I was prone for more low self-esteem. Granted,I felt like other girls had something I would never have. But again, is my low self-esteem because of not having a father or because of other life stressors?

I was more likely to do poorly in school. I was an A student.

I was more likely to be incarcerated, become pregnant as a teenager and commit suicide. No, no, and never.

I would have problems interacting with men. True, it was something I needed to learn because men were a different animal that I knew nothing about, but it’s a learned skill.

These were my gifts of growing up without a father:

I have a deep connection to my mother.

I was very independent and always took care of myself.
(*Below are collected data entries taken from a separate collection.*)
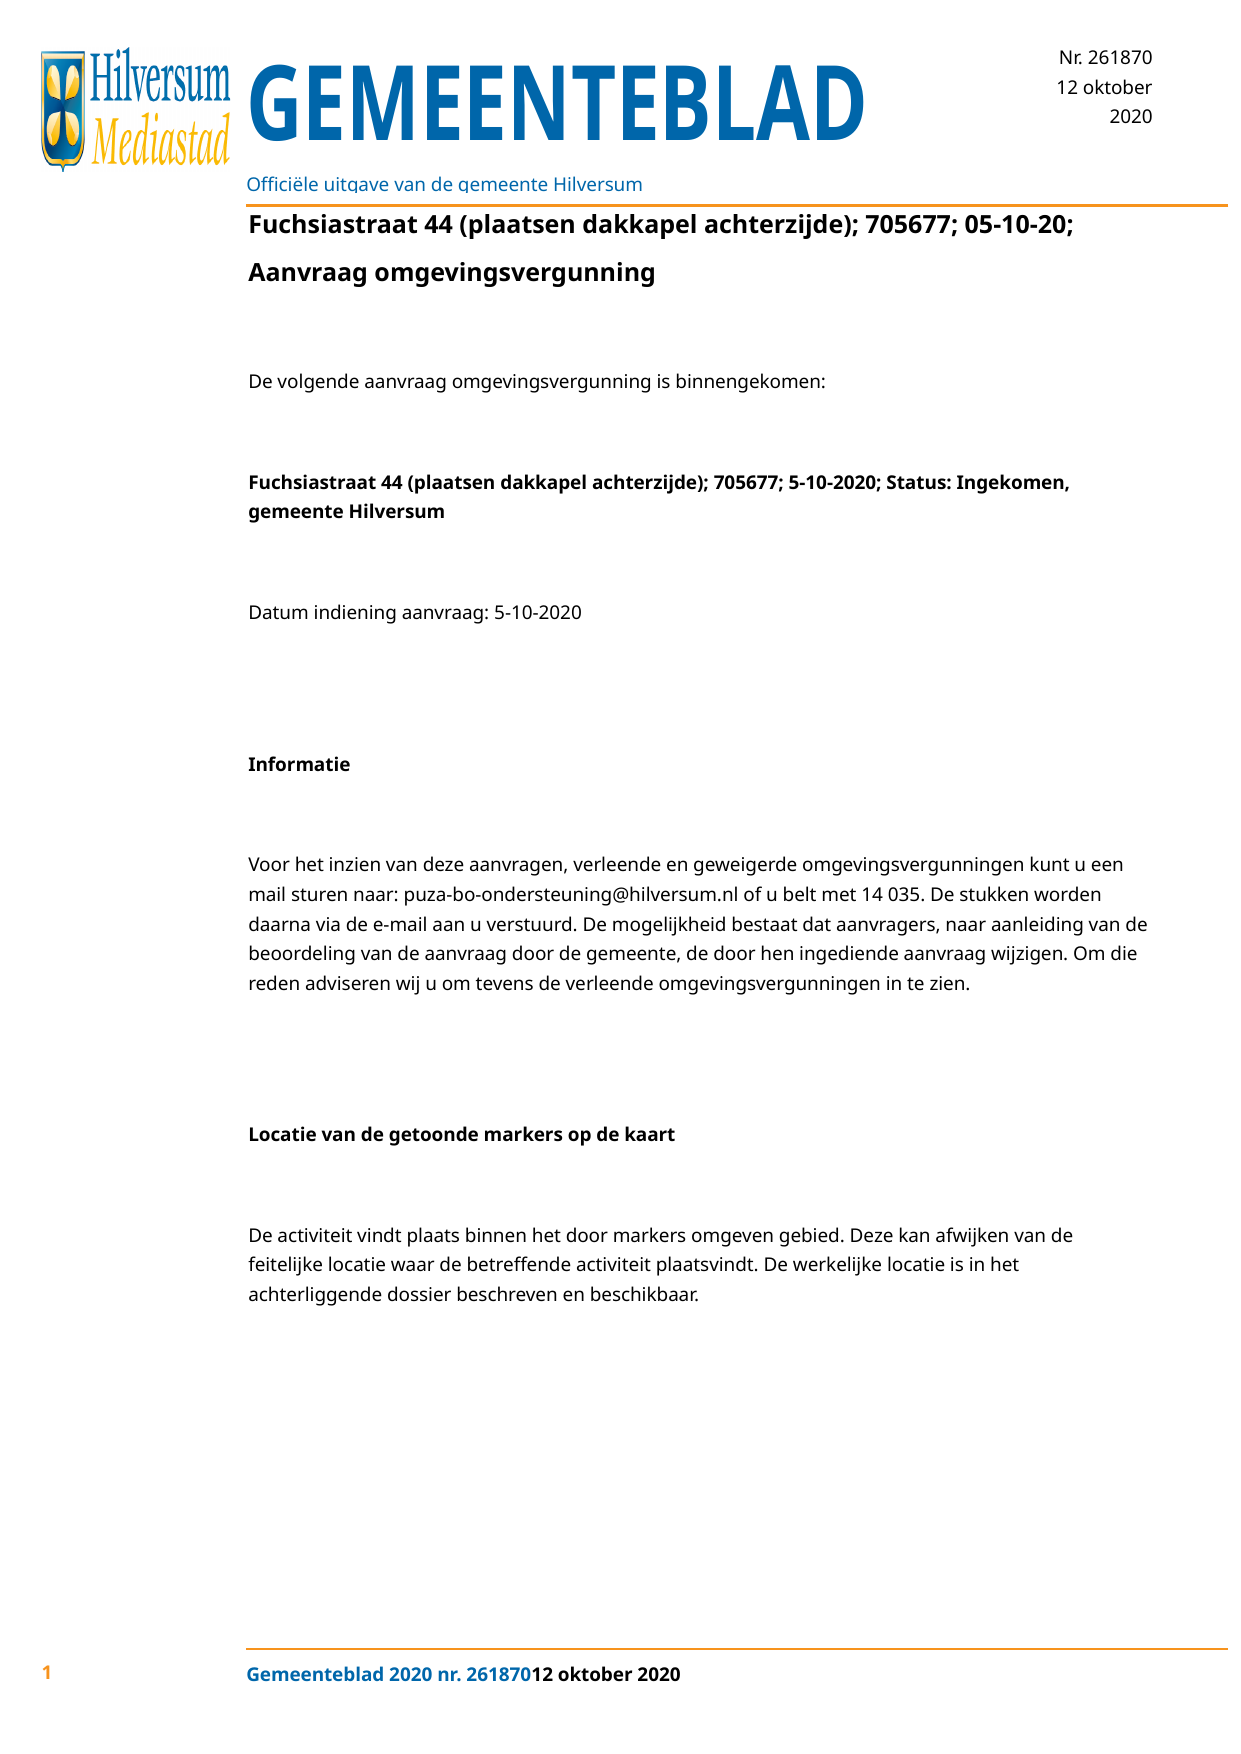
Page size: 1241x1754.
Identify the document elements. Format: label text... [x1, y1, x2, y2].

text De volgende aanvraag omgevingsvergunning is binnengekomen: [248, 368, 1152, 394]
picture [41, 47, 231, 172]
text Datum indiening aanvraag: 5-10-2020 [248, 599, 1152, 625]
text Fuchsiastraat 44 (plaatsen dakkapel achterzijde); 705677; 05-10-20; Aanvraag omgevingsvergunning [248, 207, 1152, 288]
text Informatie [248, 751, 1152, 777]
text De activiteit vindt plaats binnen het door markers omgeven gebied. Deze kan afwijken van de feitelijke locatie waar de betreffende activiteit plaatsvindt. De werkelijke locatie is in het achterliggende dossier beschreven en beschikbaar. [248, 1222, 1152, 1307]
text Voor het inzien van deze aanvragen, verleende en geweigerde omgevingsvergunningen kunt u een mail sturen naar: puza-bo-ondersteuning@hilversum.nl of u belt met 14 035. De stukken worden daarna via de e-mail aan u verstuurd. De mogelijkheid bestaat dat aanvragers, naar aanleiding van de beoordeling van de aanvraag door de gemeente, de door hen ingediende aanvraag wijzigen. Om die reden adviseren wij u om tevens de verleende omgevingsvergunningen in te zien. [248, 852, 1152, 996]
text Locatie van de getoonde markers op de kaart [248, 1121, 1152, 1147]
text Fuchsiastraat 44 (plaatsen dakkapel achterzijde); 705677; 5-10-2020; Status: Ingekomen, gemeente Hilversum [248, 469, 1152, 524]

I was courageous enough to travel by myself to Japan at age 21 with only $700 in my pocket.

I traveled to over 35 countries since.

I developed courage and great values, to protect those in need.
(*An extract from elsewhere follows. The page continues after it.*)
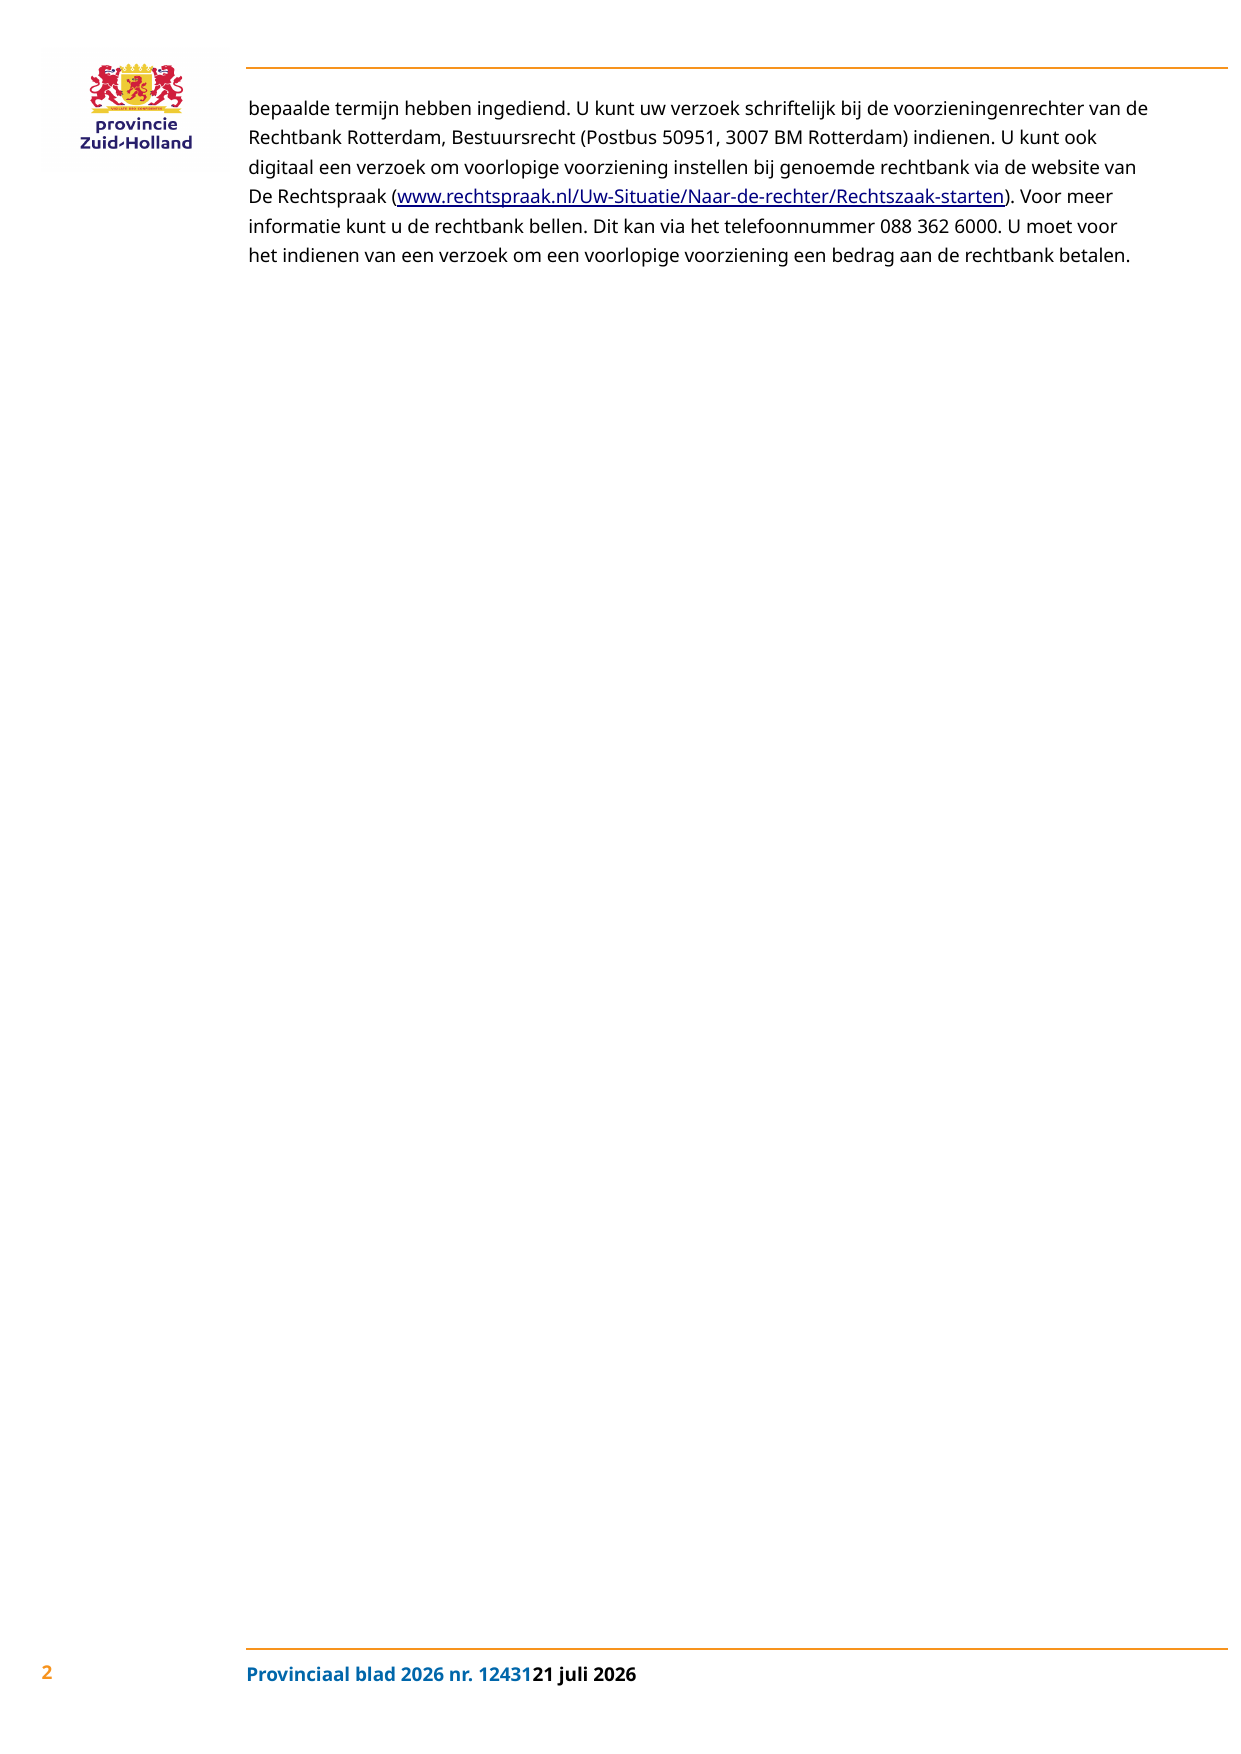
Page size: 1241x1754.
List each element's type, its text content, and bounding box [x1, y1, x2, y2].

picture [41, 47, 231, 172]
text bepaalde termijn hebben ingediend. U kunt uw verzoek schriftelijk bij de voorzieningenrechter van de Rechtbank Rotterdam, Bestuursrecht (Postbus 50951, 3007 BM Rotterdam) indienen. U kunt ook digitaal een verzoek om voorlopige voorziening instellen bij genoemde rechtbank via de website van De Rechtspraak (www.rechtspraak.nl/Uw-Situatie/Naar-de-rechter/Rechtszaak-starten). Voor meer informatie kunt u de rechtbank bellen. Dit kan via het telefoonnummer 088 362 6000. U moet voor het indienen van een verzoek om een voorlopige voorziening een bedrag aan de rechtbank betalen. [248, 95, 1152, 268]

I overcame my own demons so that I can be a leader and help the world.

I developed a determined spirit of surviving no matter what.

I learned to claim my voice and let it be heard.

I’m a loyal friend who only wants to love and be loved.

Whether you grow up with a dad or not, or whether he was a great dad or a terrible one, it’s a gift. You are not a statistic or a foregone conclusion.You create your own destiny.

If your father hurt you, forgive him (whether he is dead or alive).

If your father passed away, pray for him and connect with his soul.

I believe that my father is my father as a part of a soul contract that happened way before I came into physical existence in my mother’s womb. I am grateful, because I know that in spite of his mental illness, he loved us, in his own way. I feel sorry for him and I pray for him. I send him love and I hope he experiences peace and happiness wherever he is. I’m grateful that he gave me this gift of life and the strength to share all of this with you.

So celebrate your dads today. And remember that you own your destiny and you always have the power to beat the statistics.

If you are the only reader who increases her gratitude for her dad, forgives his imperfections and sees the gift in it, then that is enough for me. I made my difference. Perhaps this was the purpose of my soul contract with my dad.